# Semantic Chunking

In [1]:
import faiss
import pickle
from tqdm import tqdm
import numpy as np
from openai import OpenAI
import spacy

# Initialize DeepInfra OpenAI Client
openai = OpenAI(
    api_key="2Q2AU9IG4jKLdqmRrHc2UxaLP8hHB0ii",  # Replace with your key
    base_url="https://api.deepinfra.com/v1/openai",
)


def generate_embeddings(chunks):
    """
    Generates embeddings using DeepInfra's BAAI/bge-m3 model with progress bar.
    Args:
        chunks (list): List of text chunks.
    Returns:
        np.ndarray: Array of embeddings.
    """
    embeddings = []
    for chunk in tqdm(chunks, desc="Generating Embeddings"):
        try:
            # Generate embeddings
            response = openai.embeddings.create(
                model="BAAI/bge-m3",
                input=chunk,
                encoding_format="float"
            )
            # Append embedding
            embeddings.append(response.data[0].embedding)
        except Exception as e:
            print(f"Error generating embedding for chunk: {chunk[:30]}... - {e}")
            embeddings.append([0] * 768)  # Add zero vector for failed chunks
    return np.array(embeddings, dtype=np.float32)  # Ensure float32 type


def process_and_store_faiss(chunks, index_path, metadata_path):
    """
    Processes the text chunks, generates embeddings, and stores them in FAISS.
    """
    # Generate embeddings
    embeddings = generate_embeddings(chunks)

    # Create FAISS index
    dimension = embeddings.shape[1]  # Get embedding dimension
    index = faiss.IndexFlatL2(dimension)  # Create FAISS index with L2 distance
    index.add(embeddings)  # Add embeddings to the index

    # Save index and metadata
    save_faiss_index(index, index_path, metadata_path, chunks)

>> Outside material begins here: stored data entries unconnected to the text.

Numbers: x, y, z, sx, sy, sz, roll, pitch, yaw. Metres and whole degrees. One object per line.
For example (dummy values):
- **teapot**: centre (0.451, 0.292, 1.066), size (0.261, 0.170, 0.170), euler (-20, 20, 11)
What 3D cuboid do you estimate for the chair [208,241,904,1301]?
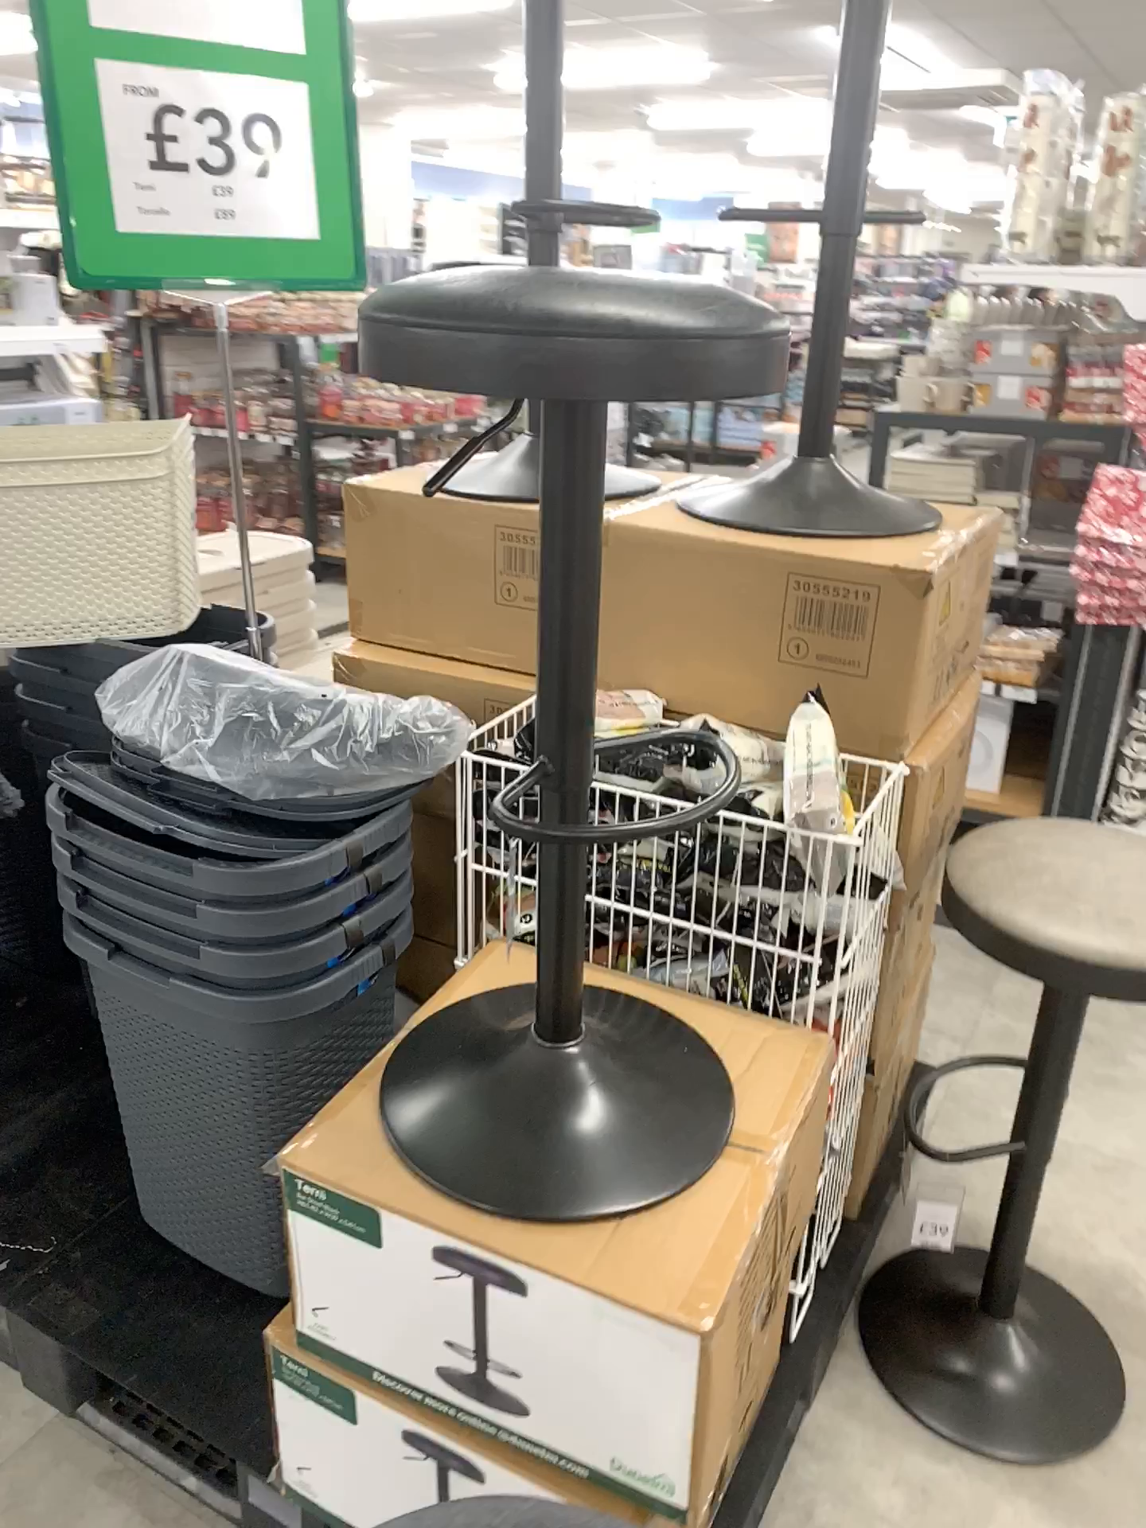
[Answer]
- **chair**: centre (-0.003, -0.033, 1.068), size (0.408, 0.794, 0.398), euler (13, 25, 26)

def save_faiss_index(index, index_path, metadata_path, metadata):
    """
    Saves the FAISS index and metadata locally.
    """
    # Save FAISS index
    faiss.write_index(index, index_path)
    # Save metadata
    with open(metadata_path, 'wb') as f:
        pickle.dump(metadata, f)
    print("FAISS index and metadata saved locally.")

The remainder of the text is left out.